I'd rule out the network first.
Also, are you using copy offload at all? I've seen weird perf issues with that: https://kb.netapp.com/Advice_and_Troubleshooting/Data_Storage_Software/vStorage_APIs_-_Array_Integration_(VAAI)/How_to_disable_SAN_VAAI_Copy_Offload_o... But confirm with qos statistics volume latency show.
I tried disabling "HardwareAcceleratedMove" and it had very little if any impact on the time it took for a storage vmotion to complete. I'm going to dig through the switch configs and check for packet errors after Christmas.
I've run "qos statistics volume latency show" but I don't have a frame of reference to know what is a good/bad value. QoS Max/Min are all 0 as I don't think any QoS rule are currently active. Volume Latency varies from 150us up to 500us but most are between 200-250us. Network Latency shows values of 40-100us and for data I see 60-130us. For disk latency I see values of 14-100us.
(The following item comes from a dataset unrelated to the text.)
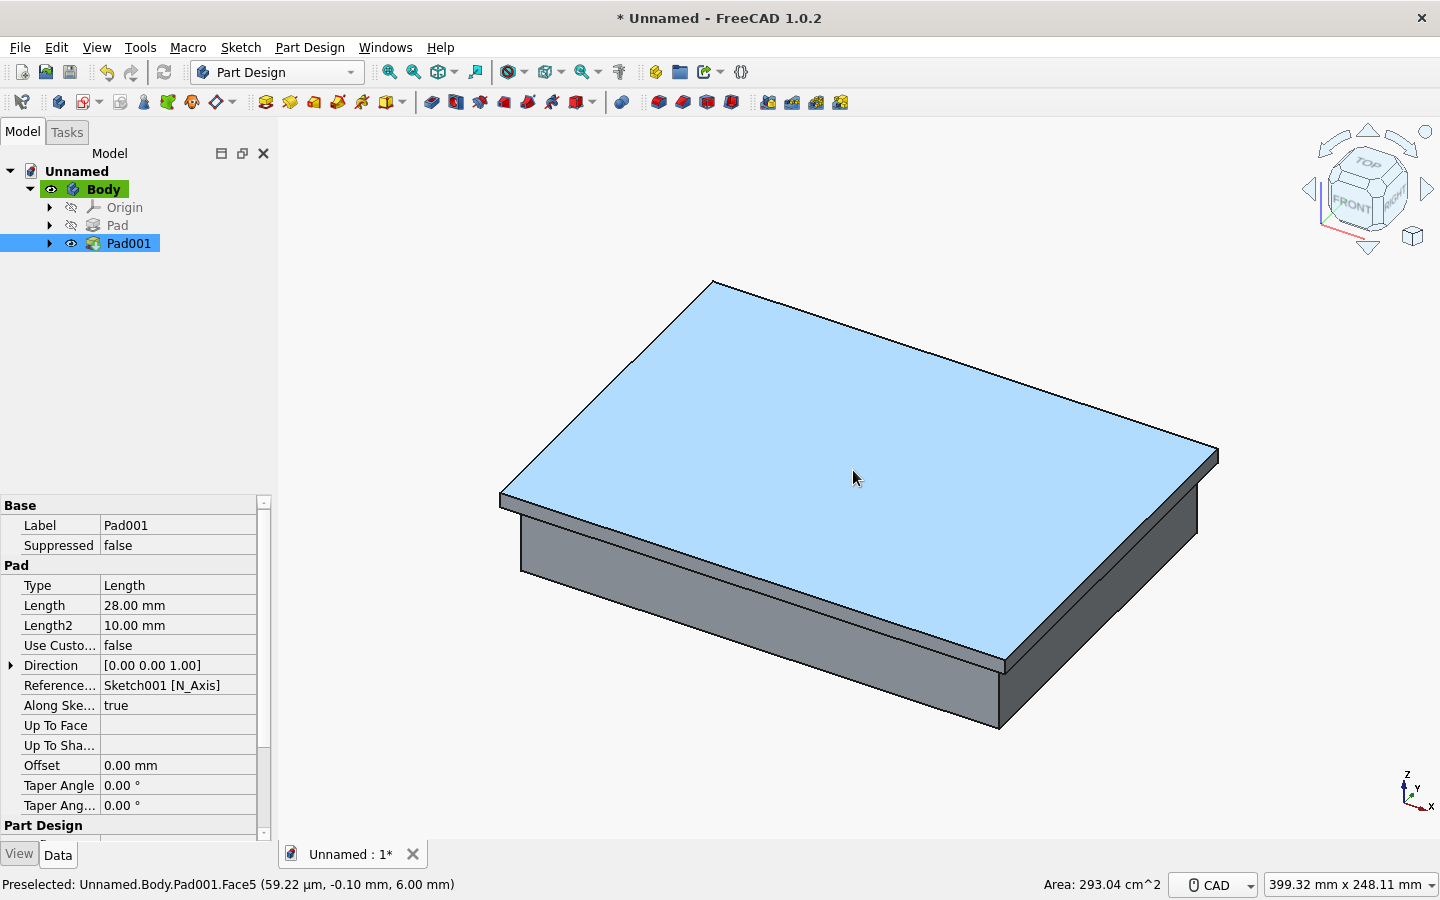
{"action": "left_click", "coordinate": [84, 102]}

Ok, try a packet trace. "us" = microseconds, so less than 1 ms of latency. It is very good.
Did you ever find what caused this?
I'm on the same boat, storage vmotion of thin provisioned VMs take hours for small VMs as long as they have more than 100GB provisioned. Installing or removing the VAAI didn't have much of an impact.